Comment 2 yuxiating 2024-03-27 11:59:26 UTC
Do you have any progress on this issue?

I have the same error on Windows 2008R2, but the same virtual machine works fine on an Ice Lake CPU
Comment 3 Chao Gao 2024-04-08 05:21:38 UTC
This is not considered a Linux/KVM issue.

Guoqiang, could you close this ticket?

Yuxiating, I assume you are using APICv and also have "hv-vapic" in qemu cmdline. At this point, you can remove "hv-vapic" to work around this issue.
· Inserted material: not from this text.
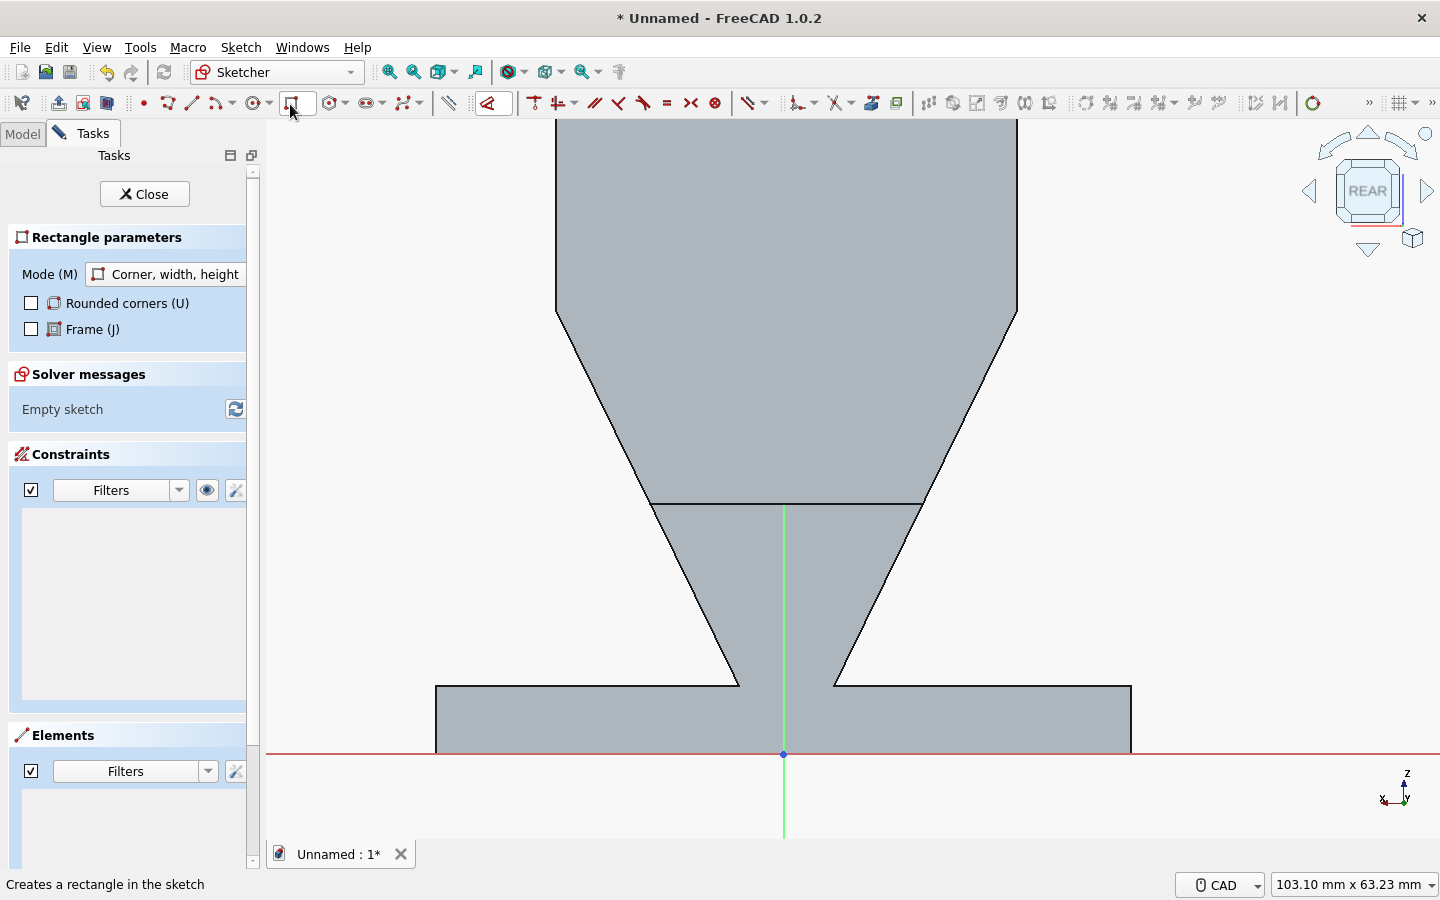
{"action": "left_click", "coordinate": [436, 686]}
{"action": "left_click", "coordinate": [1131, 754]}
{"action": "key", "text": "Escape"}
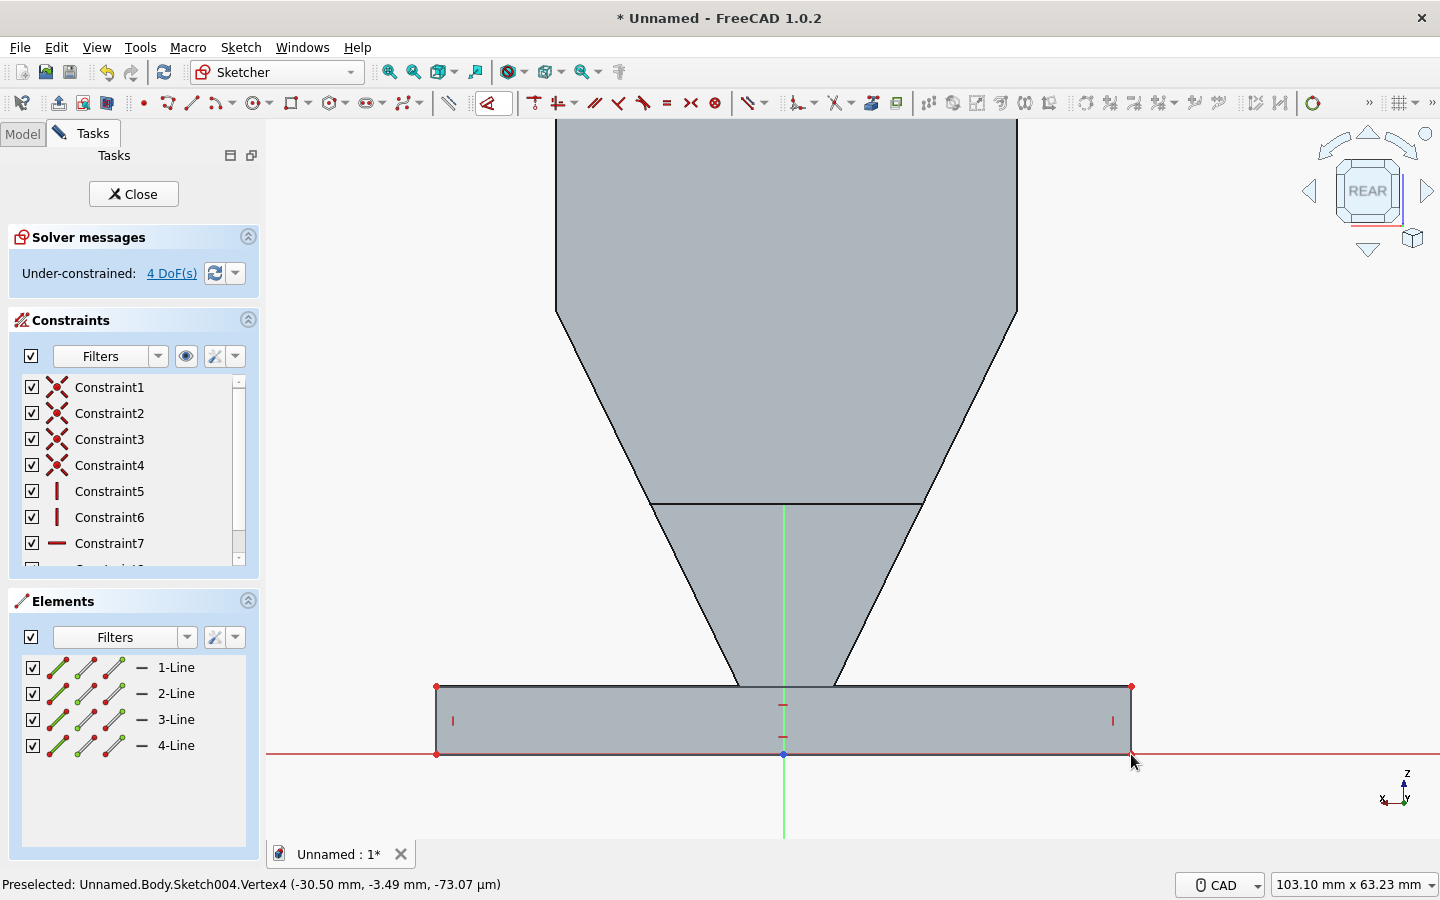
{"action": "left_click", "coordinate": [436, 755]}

Note that, APICv outperforms Hyper-V's synthetic MSRs; regardless of this bug, it is recommended to remove "hv-vapic" if KVM enables APICv.
Comment 4 Sean Christopherson 2024-04-08 17:22:24 UTC
On Mon, Apr 08, 2024, bugzilla-daemon@kernel.org wrote:
> This is not considered a Linux/KVM issue.

Can you elaborate?  E.g. if this an SPR ucode/CPU bug, it would be nice to know
what's going wrong, so that at the very least we can more easily triage issues.